Pour l’instant il suffisait que je continue à courir, donc je continuais. L’étude du livre de Jonathan Little m’occupa encore une journée, jusqu’à ce qu’un à un, ma tante et les autres ne rentrent du travail ou du centre de loisirs.
Discutant avec mon cousin avant rejoindre le casino de Bandol, il m’expliqua qu’il avait un ami qui gagnait sa vie au poker depuis quelques années maintenant ; ce dernier était parti habiter en Thaïlande, pour multiplier son pouvoir d’achat entre autres. J’en fus rappelé que c’était là mon objectif aussi, qui sommeillait en arrière-plan de mes desseins immédiats : gagner assez, pour gagner des sous dont je peux me passer, certes — mais profiter de ce sous pour m’en aller, et partir à la recherche d’un asile aux facettes multiples: secret et calme dans certains de ses recoins, et excité et chaotique dans son noyau ; au climat moins continental, au coût de la vie moins contraignant ; et aux tables de poker toujours bien fréquentées tout de même.
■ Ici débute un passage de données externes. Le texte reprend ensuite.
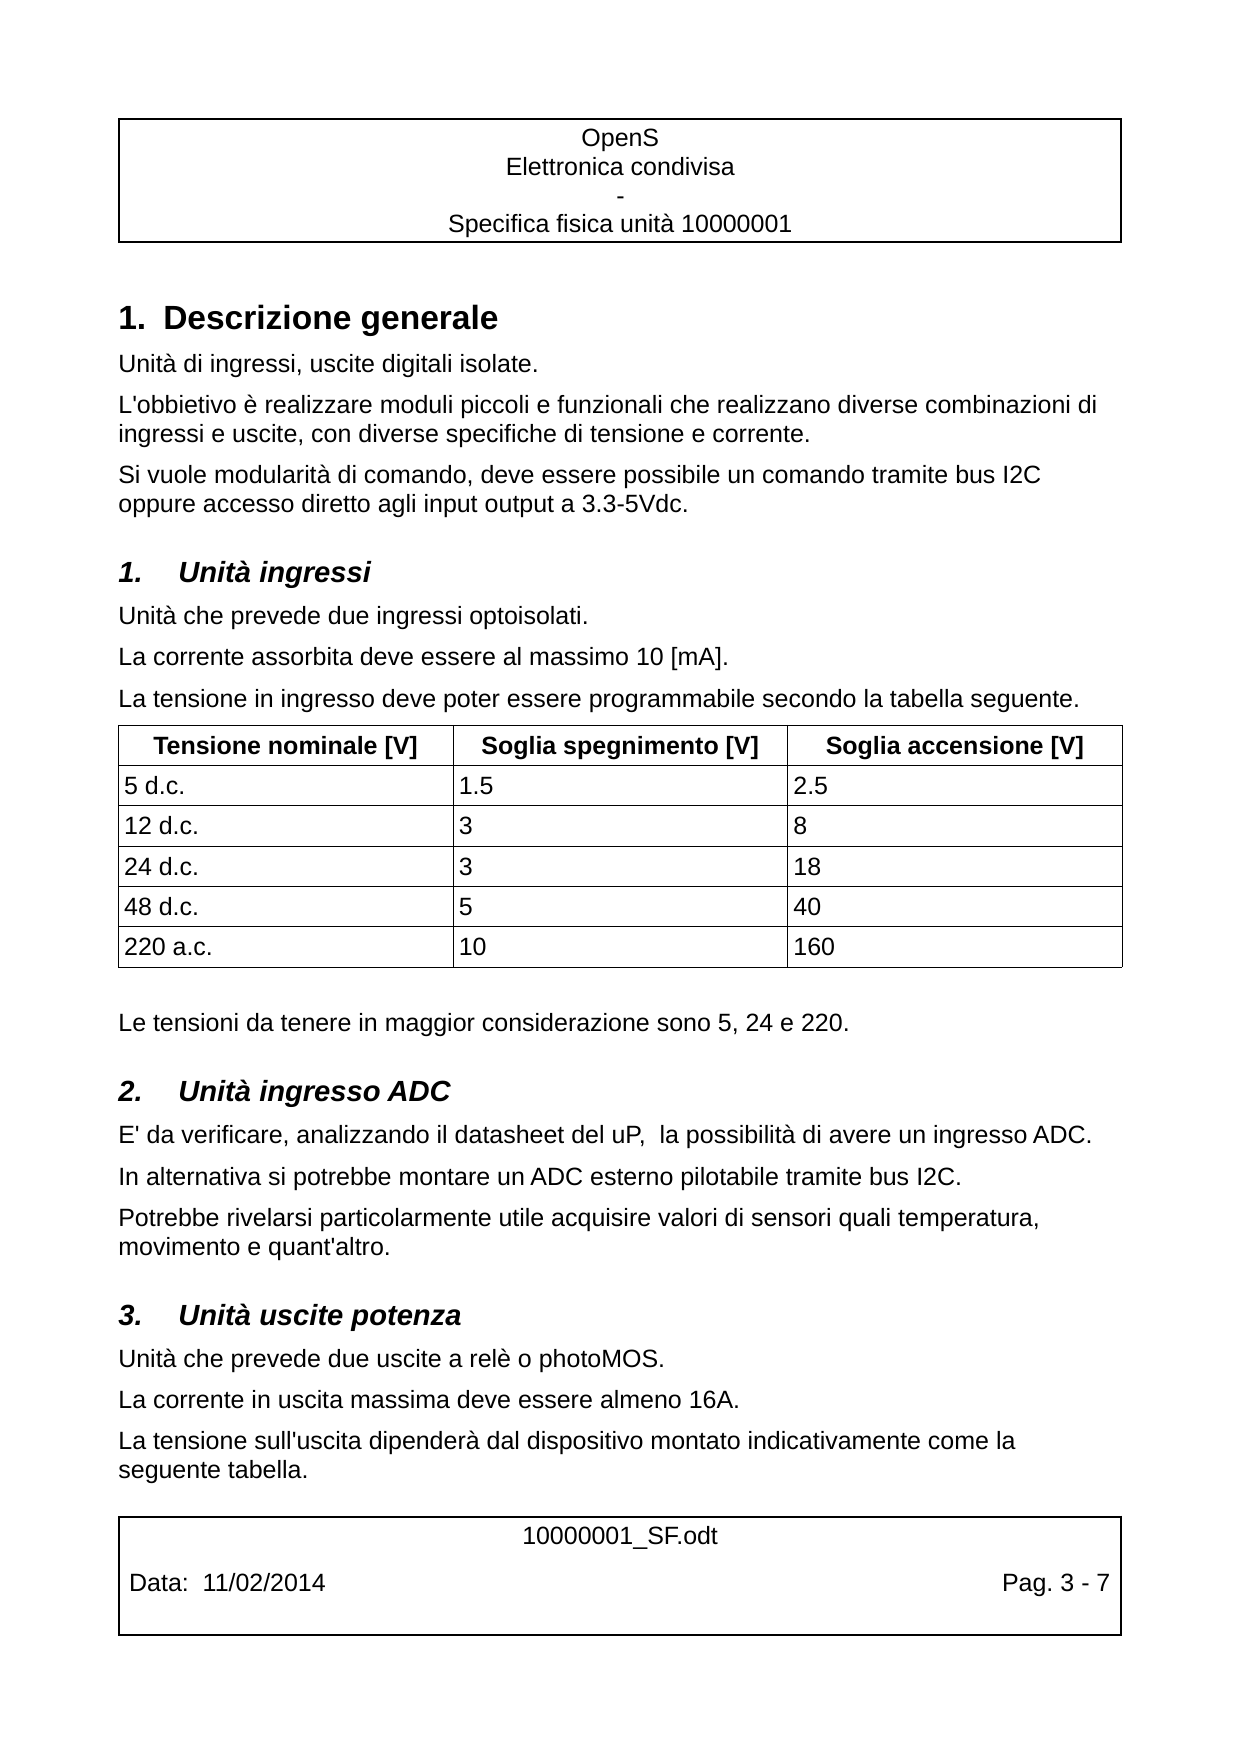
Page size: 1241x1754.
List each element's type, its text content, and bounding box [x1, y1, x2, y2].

Un an est passé depuis que je formulai ce plan dans mon esprit ; et en regardant mon avancement depuis, il semblerait que tout ce temps n’ait rien produit qui s’apparente à une quelconque évolution dans mes circonstances. Rien ne s’est passé qui fut déterminant — au point qu’avec le recul j’en vienne à me demander si les nuages au-dessus de ma ville sillonnaient vraiment le ciel, où si comme moi ils demeuraient figés, malgré le vent qui souffle, le temps qui passe. Je ne me souvins pas les avoir vu bouger, mais peut-être que simplement je ne les observais pas avec assez d’intérêt.
Ici, les nuages étaient plus clairsemés, et levant la tête après chaque tournoi, je notais leurs déplacements — et alors que je m’apprêtais à jouer à nouveau ce soir, j’espérais que j’allais pouvoir les suivre, et que le vent ne s’arrêterait pas de souffler trop vite.
♠ ♦ ♣ ♥
4ème tournoi : 150€ au casino de Bandol
Bien que d’ordinaire, les premiers niveaux étaient de ceux qui m’avantageaient le plus, ce ne fut point le cas ce soir. À plusieurs reprises, je fis grossir des pots préflop, avec des mains fortes ou très-fortes, comme A-K ou K-K ; et à chacune de ces occasions les flops qui tombaient ne me furent en rien avantageux, que ce soit à cause d’un as au flop les deux fois où je tenais les rois, ou bien des boards aux cartes petites ou moyennes quand j’avais agressé avec A-K — avec des adversaires qui marquaient systématiquement leur affection pour ces boards que je maudissais.
Ce tournoi nous imposait une structure particulièrement rapide, et en une heure de jeu, malgré les quelques coups ratés que je viens de détailler, mon stack gardait pour lui une trentaine de blindes et n’avait pas à rougir relativement à la moyenne du tournoi.
On joua une bataille de blindes avec mon voisin de droite, dont le tapis était plus gros que le mien ; c’était un joueur âgé et sérieux, jouant des ranges moins conservatrices que ses pairs, et mettant un accent plus prononcé sur les reads qu’il pouvait dégager de ses rencontres plutôt que sur ses seules cartes.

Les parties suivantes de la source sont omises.